6-14 The ephod was a sleeveless vest that extended to just below the hips. The materials that comprised the ephods were costly but reflected the dignity of the office. The ephod was two pieces, held together on each shoulder by a jeweled golden clasp and at the waist by a beautiful belt. On each shoulder engraved on an onyx stone on the shoulder clasps, were the 6 tribes of Israel according to their birth order thus he carried the people on his shoulders before the Lord. The onyx stones reminded him that the tribes of Israel were precious in the sight of God and that he represented them before the Lord. He was called, not to serve himself but his people. Just as our high priest served and still serves us so we art to serve in like manner (John 13:12-17; Phil. 2:4).
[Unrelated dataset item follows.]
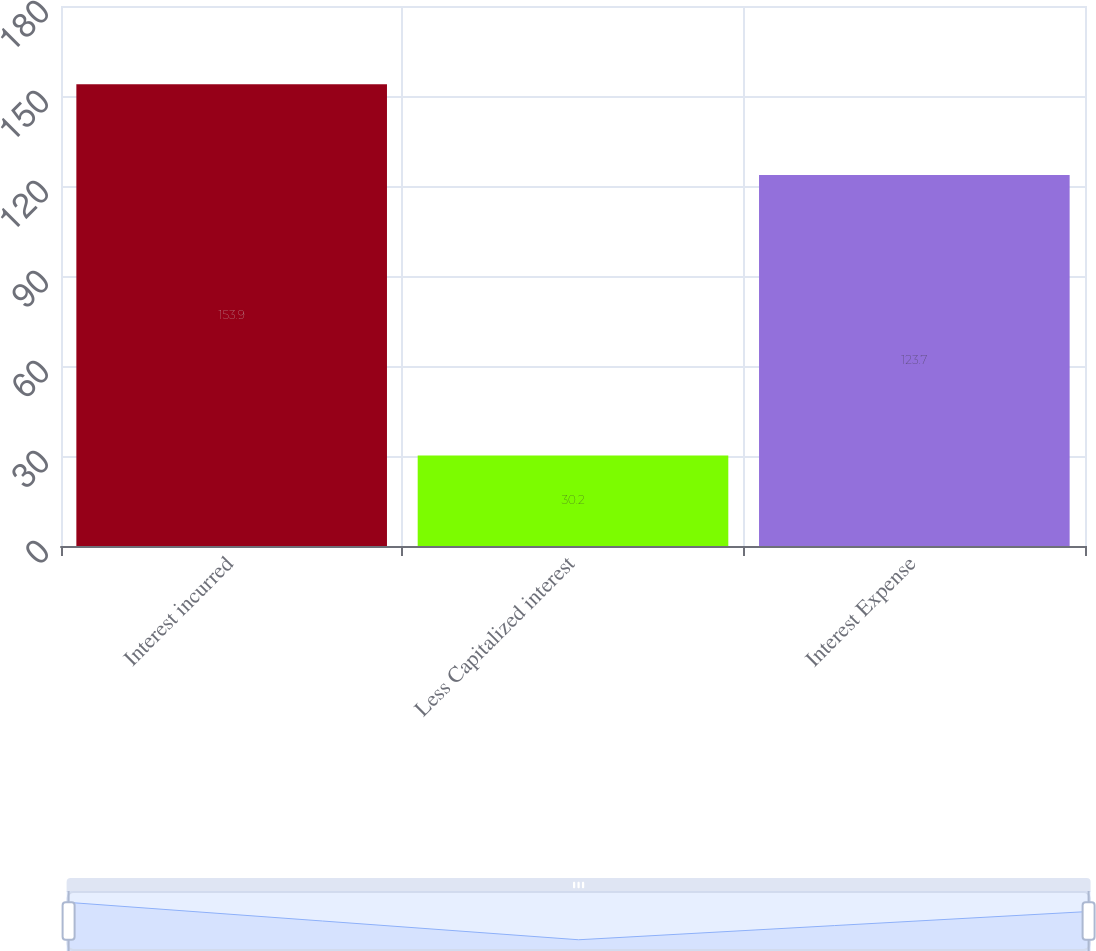Convert chart to OTSL. <chart><loc_0><loc_0><loc_500><loc_500><bar_chart><fcel>Interest incurred<fcel>Less Capitalized interest<fcel>Interest Expense<nl><fcel>153.9<fcel>30.2<fcel>123.7<nl></chart>

15-28 The breastplate was made of beautifully embroidered fabric, nine inches square and folded over. It hung on the high priest’s chest by two golden chains attached to the shoulder clasps. On the breastplate were twelve jewels, arranged in four rows, each stone representing one of the tribes of Israel. So, the high priest not only carried the people on his shoulders, but also on his heart. God’s people are also to be on our hearts. The variety of stones suggests the diversity of God’s people who are precious to God.  Interestingly the incense offered to the Lord has certain ingredients some of which burned separately would smell horrible, but together they form a fragrant odor to the Lord. This should remind us that in the Body of Messiah today there may be people who annoy and even repulse us, but together we are a fragrant odor to the Lord.  Inside the folded breastplate were “the Urim and Thummim” (“lights and perfections”) which the high priest used to determine the will of God for the nation (Ex. 28:30; 1 Sam. 30:7-8). We have no record of the procedure, but Moses gave instructions on how to discern the Lord’s will. Today we have the Word of God to guide our steps (Ps. 119:105; John 7:17; Ps. 25:8-11). 

29-30 God makes an important distinction here between Aaron’s heart and the breastplate. Aaron is not just wearing the names on his breastplate, but bear them on his heart. He and the succeeding high priests represented God’s people before God (Heb. 5:1). 

31-35 The outer robe was made of blue cloth with a collared opening for the head. The hem of the robe contained pomegranates made of blue, purple, and scarlet yarn with finely twisted linen. Between the pomegranates were golden bells that allowed those outside the holy place to hear the priest when he was serving on their behalf. The pomegranates symbolized fruitfulness and the bells indicated his presence in the holy place. The robe worn under the ephod seamless, reminding us of Yeshua’s seamless robe that was divided by the Roman soldiers before his crucifixion. The collar was woven so that it would not tear. Priests were forbidden from tearing their garments in mourning (Lev. 21:10) because the high priest had the anointing of the Holy Spirit on him. His unique access to the presence of God allowed him to find His comfort whereas such tearing was a sign of hopelessness. Like those priests, if we avail ourselves of the anointing of the Holy Spirit, and seek God’s presence, there is nothing that should ever make us think that our loss is bigger and greater than our God.  

36-43 The turban was worn only by the high priest, while the other priests wore linen head coverings. At the front of the turban was the golden plate that read “Holiness to the Lord,” a reminder that the Levitical system was designed for those who serve and is holy and pleasing to the Lord. We too are called to be holy to the Lord, “Be holy, for I am holy” (Lev. 11:44-45; 19:2; 1 Peter 1:15-16). The Messiah did not come to make us happy but holy and if we want happiness, we must first be made holy by faith in God and His Messiah.